*** Block opens ***

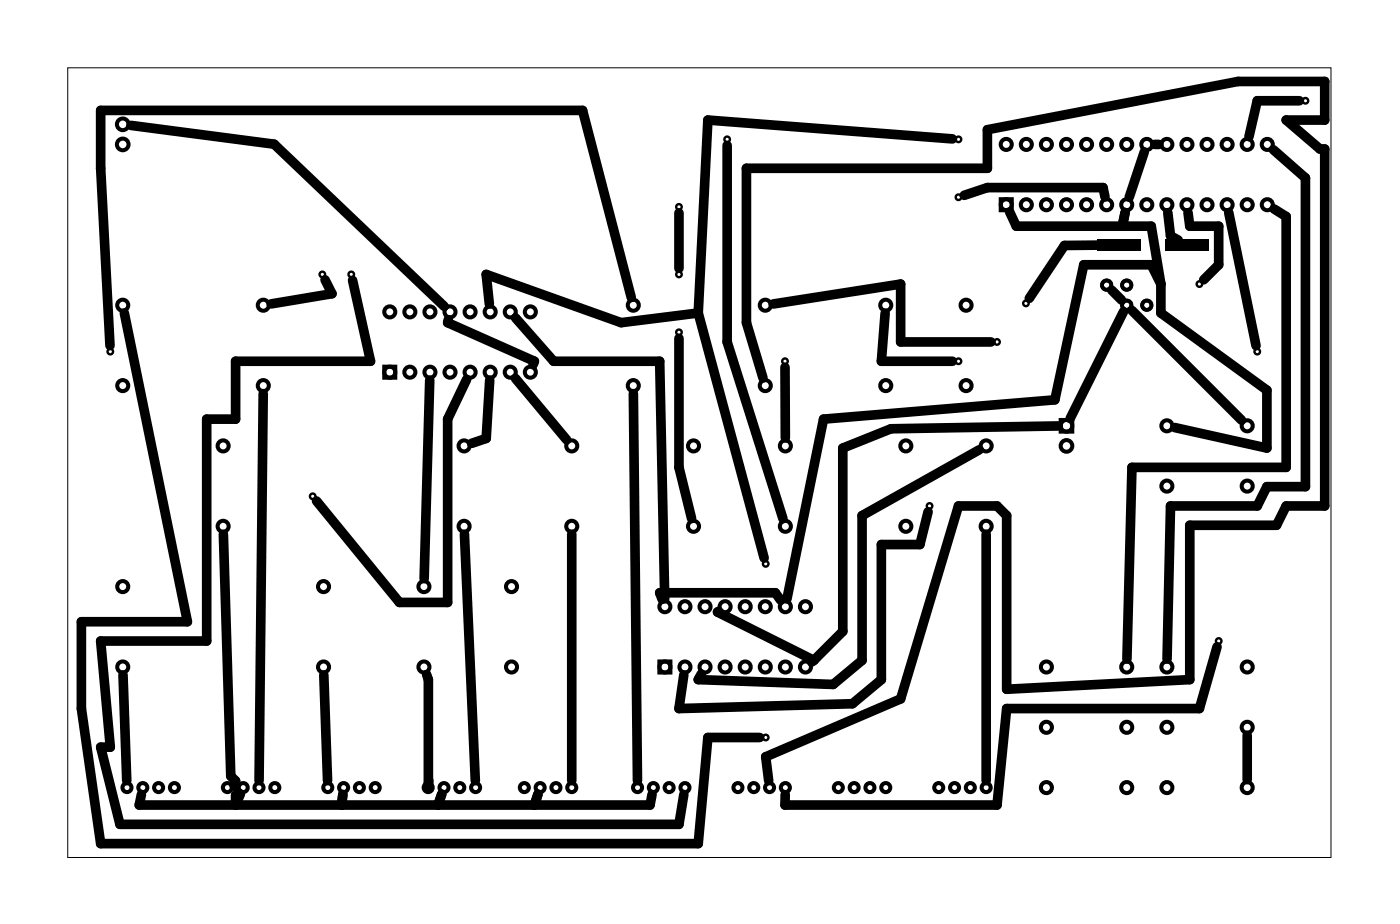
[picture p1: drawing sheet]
<svg xmlns="http://www.w3.org/2000/svg" width="177mm" height="117mm" viewBox="0 0 177 117" stroke-linecap="round" stroke-linejoin="round" font-family="sans-serif">
<path d="M8.6 8.6h159.8v99.8h-159.8z" fill="none" stroke="#000" stroke-width=".13"/>
<g fill="none" stroke="#000" stroke-width=".3">
<circle cx="92" cy="17.6" r=".35"/>
<circle cx="121.2" cy="17.6" r=".35"/>
<circle cx="165.1" cy="12.7" r=".35"/>
<circle cx="40.8" cy="34.7" r=".35"/>
<circle cx="44.4" cy="34.7" r=".35"/>
<circle cx="85.9" cy="26.1" r=".35"/>
<circle cx="85.9" cy="34.7" r=".35"/>
<circle cx="121.2" cy="24.9" r=".35"/>
<circle cx="129.8" cy="38.3" r=".35"/>
<circle cx="151.7" cy="35.9" r=".35"/>
<circle cx="14" cy="44.4" r=".35"/>
<circle cx="85.9" cy="42" r=".35"/>
<circle cx="99.3" cy="45.7" r=".35"/>
<circle cx="121.2" cy="45.7" r=".35"/>
<circle cx="126.1" cy="43.2" r=".35"/>
<circle cx="159" cy="44.4" r=".35"/>
<circle cx="39.6" cy="62.7" r=".35"/>
<circle cx="96.9" cy="71.3" r=".35"/>
<circle cx="117.6" cy="63.9" r=".35"/>
<circle cx="96.9" cy="93.2" r=".35"/>
<circle cx="154.2" cy="81" r=".35"/>
</g>
<g fill="none" stroke="#000" stroke-width=".51">
<path d="M126.6 25.2h1.4v1.4h-1.4zM48.6 46.3h1.4v1.4h-1.4zM134.2 53.1h1.4v1.4h-1.4zM83.4 83.6h1.4v1.4h-1.4z"/>
<circle cx="15.5" cy="18.3" r=".74"/>
<circle cx="15.5" cy="15.7" r=".74"/>
<circle cx="127.3" cy="18.3" r=".7"/>
<circle cx="129.8" cy="18.3" r=".7"/>
<circle cx="132.4" cy="18.3" r=".7"/>
<circle cx="134.9" cy="18.3" r=".7"/>
<circle cx="137.4" cy="18.3" r=".7"/>
<circle cx="140" cy="18.3" r=".7"/>
<circle cx="142.5" cy="18.3" r=".7"/>
<circle cx="145.1" cy="18.3" r=".7"/>
<circle cx="147.6" cy="18.3" r=".7"/>
<circle cx="150.1" cy="18.3" r=".7"/>
<circle cx="152.7" cy="18.3" r=".7"/>
<circle cx="155.2" cy="18.3" r=".7"/>
<circle cx="157.8" cy="18.3" r=".7"/>
<circle cx="160.3" cy="18.3" r=".7"/>
<circle cx="15.5" cy="38.6" r=".7"/>
<circle cx="33.3" cy="38.6" r=".7"/>
<circle cx="49.3" cy="39.4" r=".7"/>
<circle cx="51.8" cy="39.4" r=".7"/>
<circle cx="54.4" cy="39.4" r=".7"/>
<circle cx="56.9" cy="39.4" r=".7"/>
<circle cx="59.5" cy="39.4" r=".7"/>
<circle cx="62" cy="39.4" r=".7"/>
<circle cx="64.5" cy="39.4" r=".7"/>
<circle cx="67.1" cy="39.4" r=".7"/>
<circle cx="80.1" cy="38.6" r=".7"/>
<circle cx="96.8" cy="38.6" r=".7"/>
<circle cx="112" cy="38.6" r=".7"/>
<circle cx="122.2" cy="38.6" r=".7"/>
<circle cx="127.3" cy="25.9" r=".7"/>
<circle cx="129.8" cy="25.9" r=".7"/>
<circle cx="132.4" cy="25.9" r=".7"/>
<circle cx="134.9" cy="25.9" r=".7"/>
<circle cx="137.4" cy="25.9" r=".7"/>
<circle cx="140" cy="25.9" r=".7"/>
<circle cx="142.5" cy="25.9" r=".7"/>
<circle cx="145.1" cy="25.9" r=".7"/>
<circle cx="147.6" cy="25.9" r=".7"/>
<circle cx="150.1" cy="25.9" r=".7"/>
<circle cx="152.7" cy="25.9" r=".7"/>
<circle cx="155.2" cy="25.9" r=".7"/>
<circle cx="157.8" cy="25.9" r=".7"/>
<circle cx="160.3" cy="25.9" r=".7"/>
<circle cx="15.5" cy="48.7" r=".7"/>
<circle cx="28.2" cy="56.4" r=".7"/>
<circle cx="33.3" cy="48.7" r=".7"/>
<circle cx="49.3" cy="47" r=".7"/>
<circle cx="51.8" cy="47" r=".7"/>
<circle cx="54.4" cy="47" r=".7"/>
<circle cx="56.9" cy="47" r=".7"/>
<circle cx="58.7" cy="56.4" r=".7"/>
<circle cx="59.5" cy="47" r=".7"/>
<circle cx="62" cy="47" r=".7"/>
<circle cx="64.5" cy="47" r=".7"/>
<circle cx="67.1" cy="47" r=".7"/>
<circle cx="72.3" cy="56.4" r=".7"/>
<circle cx="80.1" cy="48.7" r=".7"/>
<circle cx="87.7" cy="56.4" r=".7"/>
<circle cx="96.8" cy="48.7" r=".7"/>
<circle cx="99.3" cy="56.4" r=".7"/>
<circle cx="112" cy="48.7" r=".7"/>
<circle cx="114.6" cy="56.4" r=".7"/>
<circle cx="122.2" cy="48.7" r=".7"/>
<circle cx="124.7" cy="56.4" r=".7"/>
<circle cx="134.9" cy="56.4" r=".74"/>
<circle cx="134.9" cy="53.8" r=".74"/>
<circle cx="147.6" cy="53.8" r=".7"/>
<circle cx="157.8" cy="53.8" r=".7"/>
<circle cx="15.5" cy="74.1" r=".7"/>
<circle cx="28.2" cy="66.5" r=".7"/>
<circle cx="40.9" cy="74.1" r=".7"/>
<circle cx="53.6" cy="74.1" r=".7"/>
<circle cx="58.7" cy="66.5" r=".7"/>
<circle cx="64.7" cy="74.1" r=".7"/>
<circle cx="72.3" cy="66.5" r=".7"/>
<circle cx="84.1" cy="76.7" r=".7"/>
<circle cx="86.6" cy="76.7" r=".7"/>
<circle cx="87.7" cy="66.5" r=".7"/>
<circle cx="89.2" cy="76.7" r=".7"/>
<circle cx="91.7" cy="76.7" r=".7"/>
<circle cx="94.3" cy="76.7" r=".7"/>
<circle cx="96.8" cy="76.7" r=".7"/>
<circle cx="99.3" cy="66.5" r=".7"/>
<circle cx="99.3" cy="76.7" r=".7"/>
<circle cx="101.9" cy="76.7" r=".7"/>
<circle cx="114.6" cy="66.5" r=".7"/>
<circle cx="124.7" cy="66.5" r=".7"/>
<circle cx="147.6" cy="61.4" r=".7"/>
<circle cx="157.8" cy="61.4" r=".7"/>
<circle cx="15.5" cy="84.3" r=".7"/>
<circle cx="16.1" cy="99.5" r=".57"/>
<circle cx="18.1" cy="99.5" r=".57"/>
<circle cx="20.1" cy="99.5" r=".57"/>
<circle cx="22.1" cy="99.5" r=".57"/>
<circle cx="28.8" cy="99.5" r=".57"/>
<circle cx="30.8" cy="99.5" r=".57"/>
<circle cx="32.8" cy="99.5" r=".57"/>
<circle cx="34.8" cy="99.5" r=".57"/>
<circle cx="40.9" cy="84.3" r=".7"/>
<circle cx="41.5" cy="99.5" r=".57"/>
<circle cx="43.5" cy="99.5" r=".57"/>
<circle cx="45.5" cy="99.5" r=".57"/>
<circle cx="47.5" cy="99.5" r=".57"/>
<circle cx="53.6" cy="84.3" r=".7"/>
<circle cx="54.2" cy="99.5" r=".57"/>
<circle cx="56.2" cy="99.5" r=".57"/>
<circle cx="58.2" cy="99.5" r=".57"/>
<circle cx="60.2" cy="99.5" r=".57"/>
<circle cx="64.7" cy="84.3" r=".7"/>
<circle cx="66.3" cy="99.5" r=".57"/>
<circle cx="68.3" cy="99.5" r=".57"/>
<circle cx="70.3" cy="99.5" r=".57"/>
<circle cx="72.3" cy="99.5" r=".57"/>
<circle cx="80.6" cy="99.5" r=".57"/>
<circle cx="82.6" cy="99.5" r=".57"/>
<circle cx="84.1" cy="84.3" r=".7"/>
<circle cx="84.6" cy="99.5" r=".57"/>
<circle cx="86.6" cy="99.5" r=".57"/>
<circle cx="86.6" cy="84.3" r=".7"/>
<circle cx="89.2" cy="84.3" r=".7"/>
<circle cx="91.7" cy="84.3" r=".7"/>
<circle cx="93.3" cy="99.5" r=".57"/>
<circle cx="94.3" cy="84.3" r=".7"/>
<circle cx="95.3" cy="99.5" r=".57"/>
<circle cx="96.8" cy="84.3" r=".7"/>
<circle cx="97.3" cy="99.5" r=".57"/>
<circle cx="99.3" cy="99.5" r=".57"/>
<circle cx="99.3" cy="84.3" r=".7"/>
<circle cx="101.9" cy="84.3" r=".7"/>
<circle cx="106" cy="99.5" r=".57"/>
<circle cx="108" cy="99.5" r=".57"/>
<circle cx="110" cy="99.5" r=".57"/>
<circle cx="112" cy="99.5" r=".57"/>
<circle cx="118.7" cy="99.5" r=".57"/>
<circle cx="120.7" cy="99.5" r=".57"/>
<circle cx="122.7" cy="99.5" r=".57"/>
<circle cx="124.7" cy="99.5" r=".57"/>
<circle cx="132.4" cy="84.3" r=".7"/>
<circle cx="132.4" cy="91.9" r=".7"/>
<circle cx="132.4" cy="99.5" r=".7"/>
<circle cx="142.5" cy="91.9" r=".7"/>
<circle cx="142.5" cy="99.5" r=".7"/>
<circle cx="142.5" cy="84.3" r=".7"/>
<circle cx="147.6" cy="91.9" r=".7"/>
<circle cx="147.6" cy="99.5" r=".7"/>
<circle cx="147.6" cy="84.3" r=".7"/>
<circle cx="157.8" cy="84.3" r=".7"/>
<circle cx="157.8" cy="99.5" r=".7"/>
<circle cx="157.8" cy="91.9" r=".7"/>
</g>
<g fill="none" stroke="#000" stroke-width=".48">
<circle cx="140" cy="36" r=".59"/>
<circle cx="142.5" cy="38.6" r=".59"/>
<circle cx="142.5" cy="36" r=".59"/>
<circle cx="145.1" cy="38.6" r=".59"/>
</g>
<path d="M138.8 30.2h5.5v1.5h-5.5zM147.4 30.2h5.5v1.5h-5.5z" fill="#000"/>
<g fill="none" stroke="#000" stroke-width="1.2">
<path d="M16.6 15.8l18.1 2.4 21.5 20.5M92 18.4v24.8l7 22.3M120.5 17.6l-31-2.4-1.2 24.4M144.7 19.2l-1.9 5.7M146.1 18.3h.5M161.1 18.9l4 3.6v39h-4.8l-1.3 2.4h-10.9l-.5 19.4M164.4 12.7h-5.4l-1 4.6M15.7 39.6l8 39h-13.4v10.9l2.4 17.1h75.6l1.2-13.4h6.6M41.1 35.4l.9 1.7-7.7 1.3M44.6 35.4l2.3 10.3h-17.1v7.3h-3.7v28h-13.4l1.3 13.4h-1.3l2.5 9.8h70.7l.6-3.8M61.9 38.4l-.4-3.7 17.1 6.1 9.7-1.2M79.9 37.6l-6.2-23.6h-61v7.3l1.2 22.4"/>
<path d="M85.9 26.9v7M88.3 39.6l8.4 30.9M97.8 38.4l16.1-2.5v7.3h11.5M112 39.6l-.5 6.1h9M122 24.7l2.9-1h14.6l.3 1.2M127.7 26.8l.9 1.8h17l1.2 7.3M138.9 31h-4.2l-4.5 6.7M140.6 36.7l1.3 1.2M142.1 39.4l-6.7 13.5M142.3 26.9l-.3 1.7M143.2 39.2l13.9 13.9M146.8 35.9v3.7l13.5 9.7v7.3l-11.7-2.6"/>
<path d="M146.8 35.9l-1.2-2.4h-8.5l-3.7 17-29.2 2.5-4.7 22.7M147.7 26.9l.4 2.9 .9 .5M150.3 26.9l.2 1.7h3.7v4.9l-1.9 1.9M155.4 26.9l3.5 16.8M161.2 26.4l1.5 1v31.7h-19.5l-.6 24.2M33.3 49.7l-.5 48.9M54.4 48l-.7 25.1M56.7 40.4l-.1 .4 11 4.9-.2 .4M59 47.9l-2.4 5.1v23.1h-6.1l-10.5-12.8M61.9 48l-.4 7.4-1.8 .6M65.2 47.8l6.5 7.8M65.2 40.2l4.8 5.5h13.4l.7 30"/>
<path d="M80.1 49.7l.5 48.9M85.9 42.8v16.3l1.6 6.4M96.5 47.8l-2.1-7v-19.5h30.5v-4.9l31.7-6.1h11v4.9h-4.9l4.3 3.6h.6v45.1h-4.9l-1.2 2.5h-11v19.5l-23.2 1.2v-21.9l-1.2-1.3h-4.9l-7.3 24.4-17 7.3 .3 3.1M99.3 46.4v8.9M123.9 56.8l-14.8 8.4v18.2l-3.7 3.1-17.1-.6 .4-.7M133.9 53.8l-21.2 .4-6.1 2.4v23.2l-3.6 3.6M28.3 67.5l.9 30.6 .6 .6v.6h-.2M58.8 67.5l1.3 31.2M72.3 67.5v31.1M83.8 75.7l-.4-.8h14.7l.7 1M90.9 77.3l-.1 .1 12.2 6M117.4 64.7l-1 4.1h-4.9v17.1l-3.7 3-21.9 .6 .6-4.2"/>
<path d="M124.7 67.5v31.1M15.6 85.3l.4 13.3M41 85.3l.4 13.3M54 85.2l.2 .7v13.4v-.6M103 83.4l-.3 .3M154 81.7l-2.3 7.8h-24.4l-1.2 12.2h-26.8v-1.3M157.8 92.9v5.6M17.9 100.4l-.3 1.3h64.6l.3-1.3M30.1 100.2l-.3 .3v1.2l.6-1.4M43.4 100.4l-.2 1.3M55.9 100.4l-.5 1.3M68.1 100.4l-.5 1.3"/>
</g>
</svg>

*** Block closes ***

- Assignment -
Return all lines of the data in which the string "width" appears.

- Response -
<svg xmlns="http://www.w3.org/2000/svg" width="177mm" height="117mm" viewBox="0 0 177 117" stroke-linecap="round" stroke-linejoin="round" font-family="sans-serif">
<path d="M8.6 8.6h159.8v99.8h-159.8z" fill="none" stroke="#000" stroke-width=".13"/>
<g fill="none" stroke="#000" stroke-width=".3">
<g fill="none" stroke="#000" stroke-width=".51">
<g fill="none" stroke="#000" stroke-width=".48">
<g fill="none" stroke="#000" stroke-width="1.2">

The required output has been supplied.